Notice that above we set the `pad_token_id` to be the same as the `eos_token_id` (i.e. end-of-stream token id). So all of those `50256` entries above are being used as end-of-stream, or end-of-sequence tokens (except the first one, which is denoting the end of the sequence).  

In [None]:
tokenizer.decode([50256])

In [None]:
batch_size = 4
n_epochs = 2
training_args = TrainingArguments(output_dir='~/hemingway_generation', num_train_epochs=n_epochs, logging_steps=100, save_steps=500, do_eval=True,
                                  eval_steps=20, per_device_train_batch_size=batch_size, per_device_eval_batch_size=batch_size, save_safetensors=False,
                                  warmup_steps=10, weight_decay=0.05, logging_dir='~/hemingway_generation/logs', report_to='none')

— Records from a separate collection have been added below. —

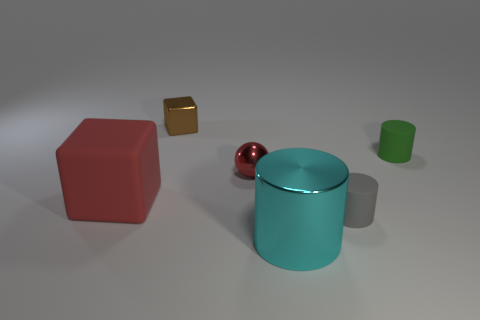There is a rubber thing that is the same color as the metal sphere; what is its shape?
Your answer should be compact. Cube. What is the size of the metallic ball that is the same color as the big matte thing?
Your answer should be very brief. Small. What shape is the big object on the left side of the large cyan metallic thing?
Ensure brevity in your answer.  Cube. There is a tiny cylinder in front of the green matte thing; is there a large red matte cube that is right of it?
Provide a short and direct response. No. There is a tiny object that is both on the left side of the tiny gray rubber object and in front of the green matte cylinder; what color is it?
Provide a short and direct response. Red. Are there any tiny things that are on the right side of the small green matte thing to the right of the block in front of the small metal cube?
Ensure brevity in your answer.  No. There is another matte thing that is the same shape as the green rubber thing; what size is it?
Give a very brief answer. Small. Is there anything else that is made of the same material as the green cylinder?
Keep it short and to the point. Yes. Are there any large blue rubber things?
Provide a succinct answer. No. There is a large cylinder; does it have the same color as the ball to the right of the brown cube?
Provide a short and direct response. No.

Let's load GPT-2 and then  take a rough glance at the architecture of GPT (w/ ~130M parameters) by printing the model.

In [None]:
model = AutoModelForCausalLM.from_pretrained("openai-community/gpt2")
print(model)

In [None]:
def count_trainable_parameters(mod):
    model_parameters = filter(lambda p: p.requires_grad, mod.parameters())
    params = sum([np.prod(p.size()) for p in model_parameters])
    return params

gpt2_params = count_trainable_parameters(model)
print(f"GPT-2 trainable parameters: {gpt2_params}")

In [None]:
trainer = Trainer(model=model,  args=training_args, train_dataset=train_dataset, eval_dataset=val_dataset,
                  data_collator=lambda data: {'input_ids': torch.stack([f[0] for f in data]),
                                              'attention_mask': torch.stack([f[1] for f in data]),
                                              'labels': torch.stack([f[0] for f in data])})
# on Colab this will take 6+hrs w/ cpu or <10min w/ T4 GPU per epoch
trainer.train()

In [None]:
inputs = tokenizer(prompt, return_tensors="pt").to(device)

# Use Diverse Beam Search
outputs = model.generate(
    **inputs,
    max_new_tokens=max_new_toks,
    num_beams=6,
    num_beam_groups=3,
    diversity_penalty=5.0,
    num_return_sequences=5,
    return_dict_in_generate=True,
    output_scores=True,
    temperature=2.0,
    #do_sample=True
)
transition_scores = model.compute_transition_scores(
    outputs.sequences, outputs.scores, outputs.beam_indices, normalize_logits=False
)

output_length = np.sum(transition_scores.cpu().numpy() < 0, axis=1)
length_penalty = model.generation_config.length_penalty
reconstructed_scores = transition_scores.cpu().sum(axis=1) / (output_length**length_penalty)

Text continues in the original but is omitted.